** Opening Working data block **

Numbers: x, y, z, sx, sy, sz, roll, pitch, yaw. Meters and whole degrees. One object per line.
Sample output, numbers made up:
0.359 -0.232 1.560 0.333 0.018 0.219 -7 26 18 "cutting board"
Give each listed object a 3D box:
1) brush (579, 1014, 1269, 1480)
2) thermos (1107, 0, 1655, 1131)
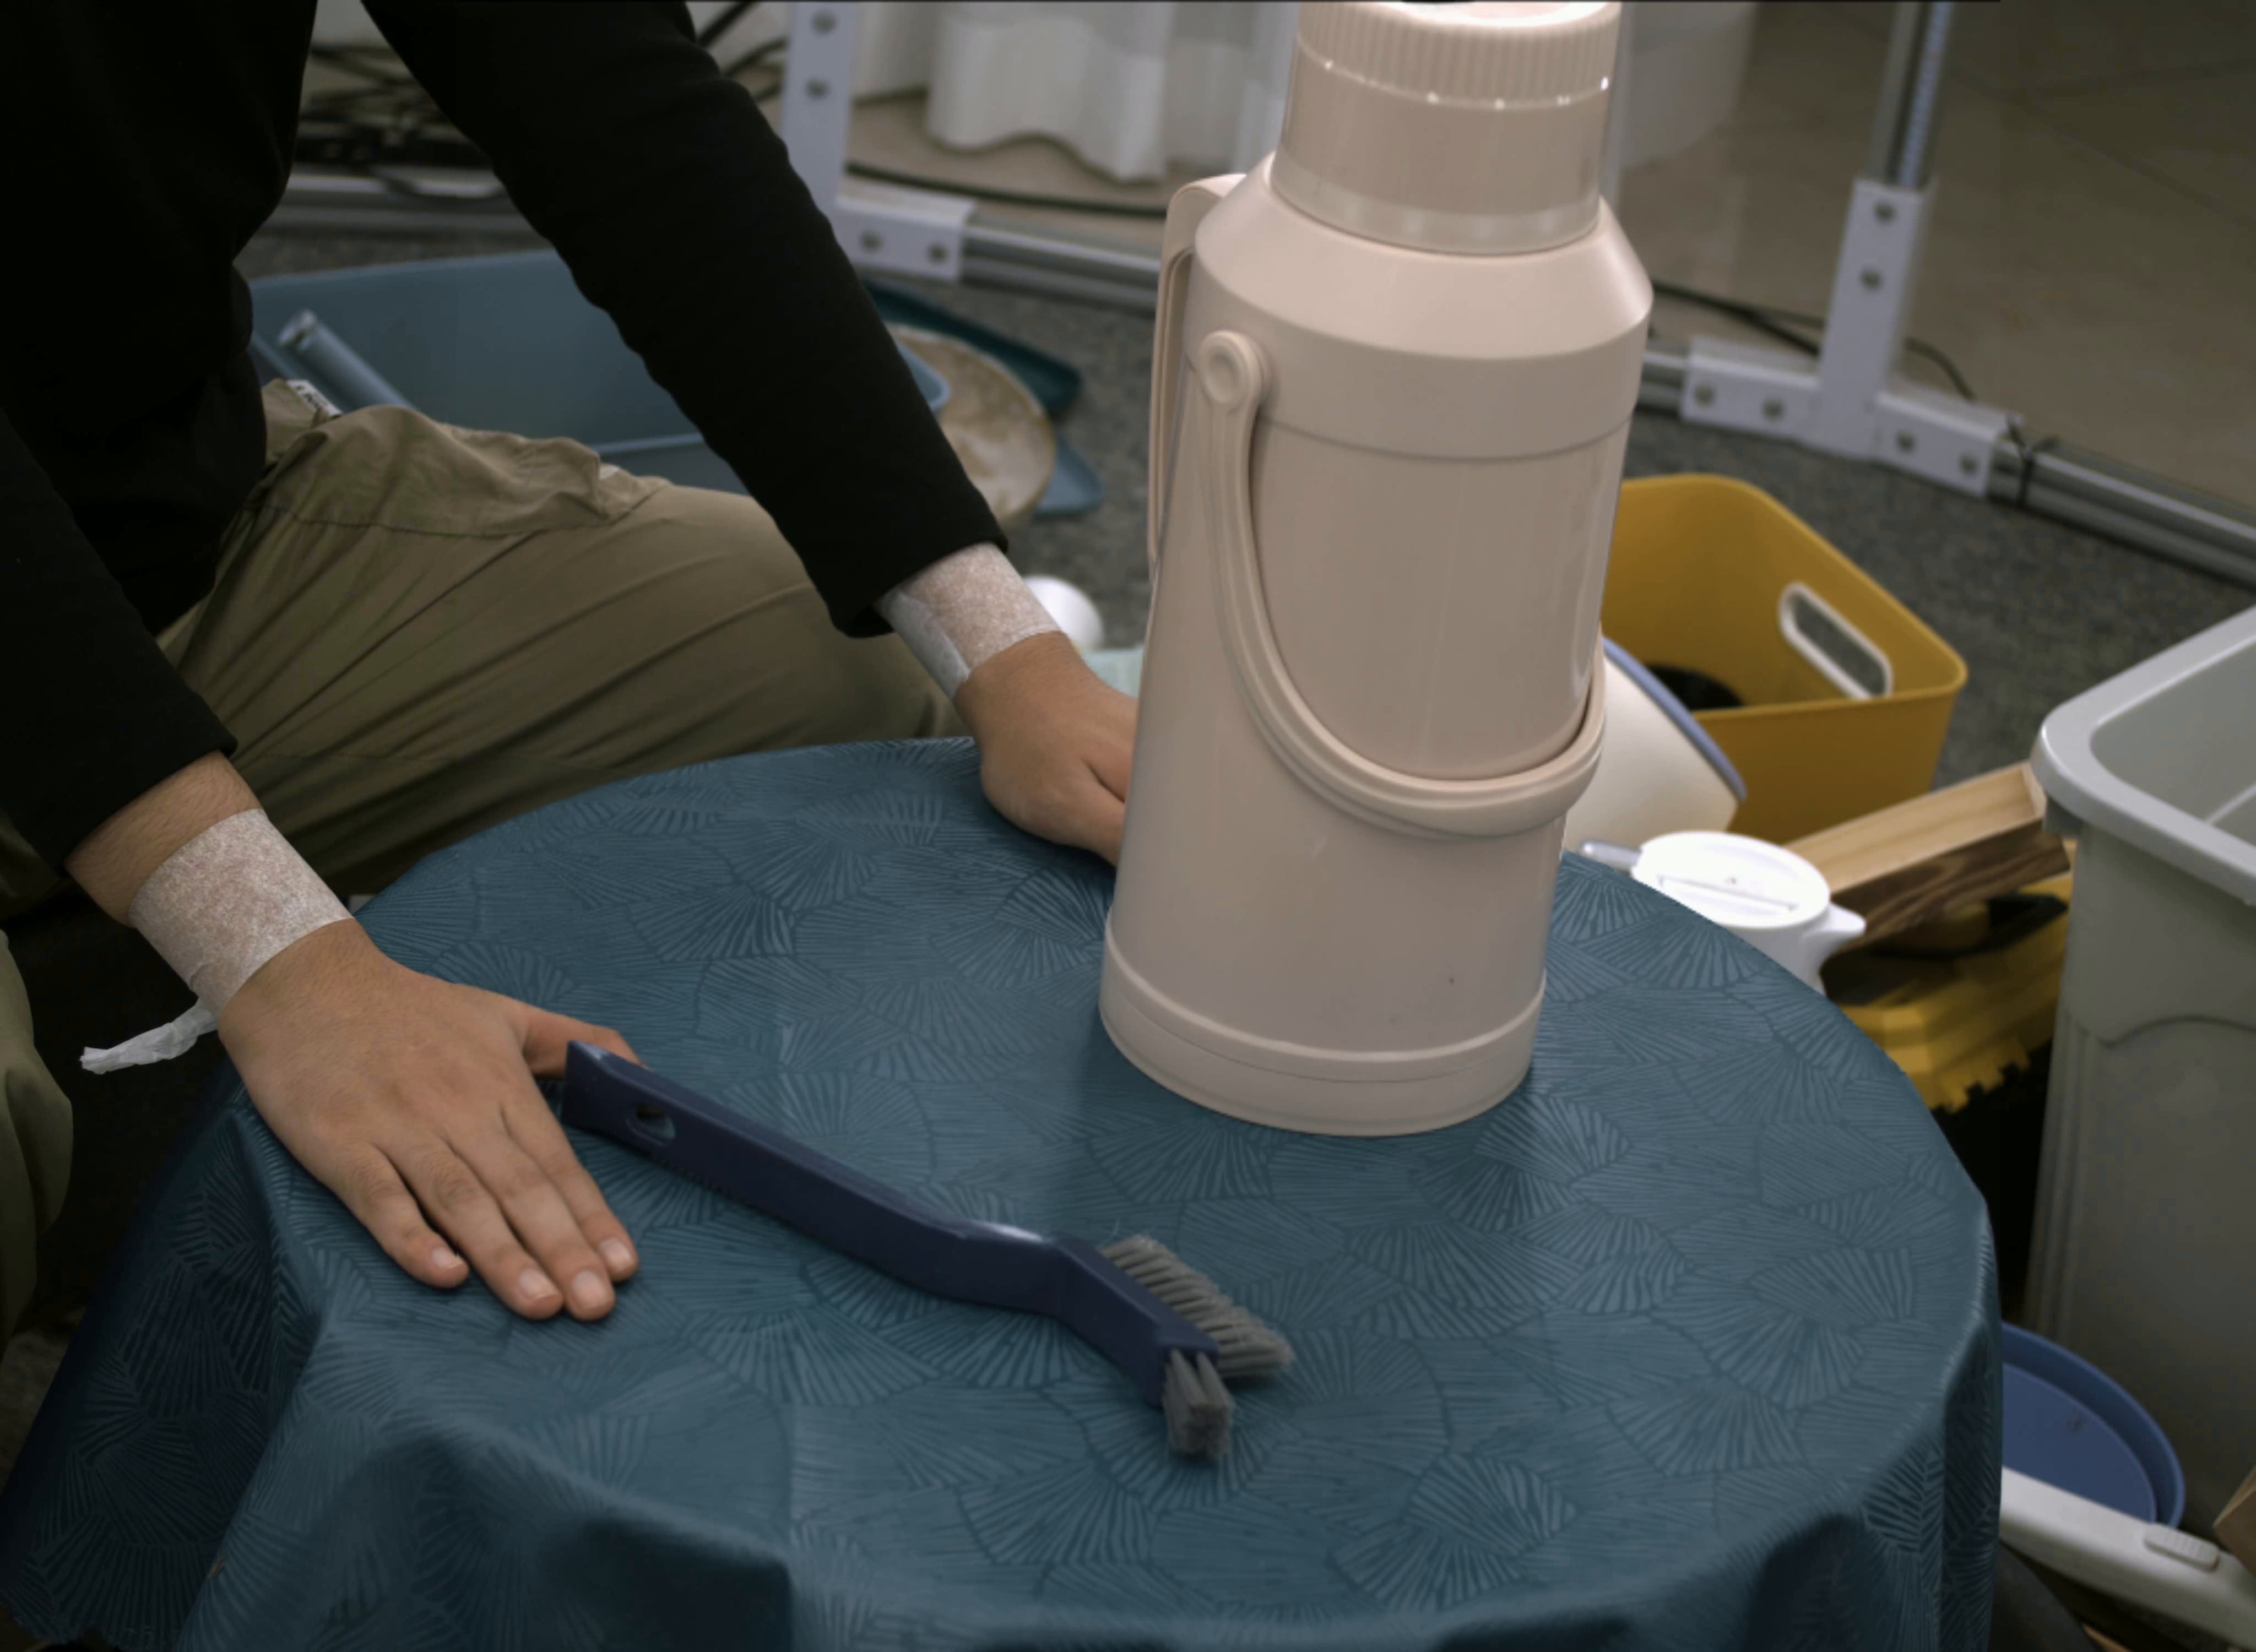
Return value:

** Closing Working data block **

● **The problem**
Find the line that contains "Give each listed". Reproduce it and every later line of the records exactly, minus the pictures.

● **Finished task**
Give each listed object a 3D box:
1) brush (579, 1014, 1269, 1480)
2) thermos (1107, 0, 1655, 1131)
Return value:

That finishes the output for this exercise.